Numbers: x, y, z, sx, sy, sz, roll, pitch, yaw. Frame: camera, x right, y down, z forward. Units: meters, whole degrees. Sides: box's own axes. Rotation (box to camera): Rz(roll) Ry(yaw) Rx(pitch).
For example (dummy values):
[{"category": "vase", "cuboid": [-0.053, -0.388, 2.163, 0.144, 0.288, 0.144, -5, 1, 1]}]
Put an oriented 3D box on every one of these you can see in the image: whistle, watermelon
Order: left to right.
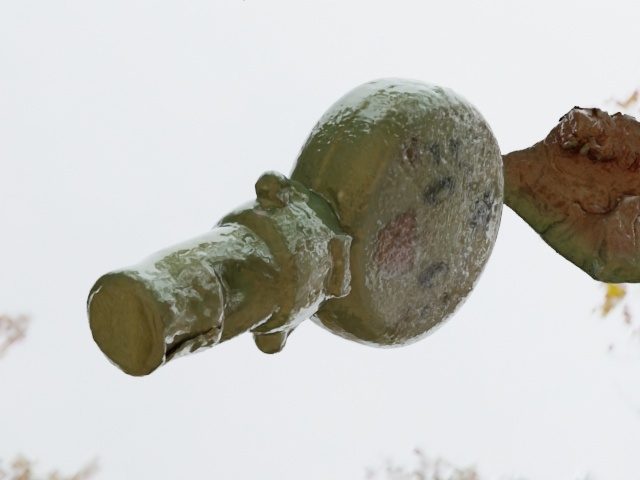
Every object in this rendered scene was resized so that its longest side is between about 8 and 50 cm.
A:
[{"category": "whistle", "cuboid": [0.000, 0.000, 0.874, 0.067, 0.258, 0.126, 17, -63, 36]}, {"category": "watermelon", "cuboid": [0.188, -0.022, 1.150, 0.155, 0.101, 0.080, 7, -45, -30]}]
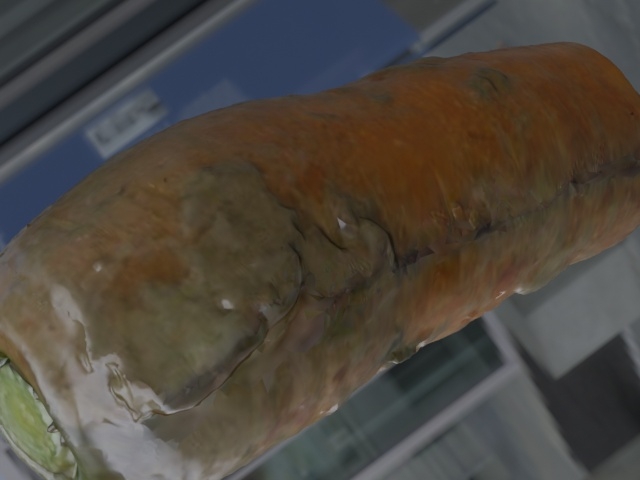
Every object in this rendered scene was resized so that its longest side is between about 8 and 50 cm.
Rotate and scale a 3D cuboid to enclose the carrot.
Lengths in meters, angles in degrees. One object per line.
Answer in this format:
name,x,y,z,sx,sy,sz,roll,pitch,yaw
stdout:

___

*What to work on*. Tally the lines in the records that hold the word "right". Give only the total.

*Answer to the exercise*. 2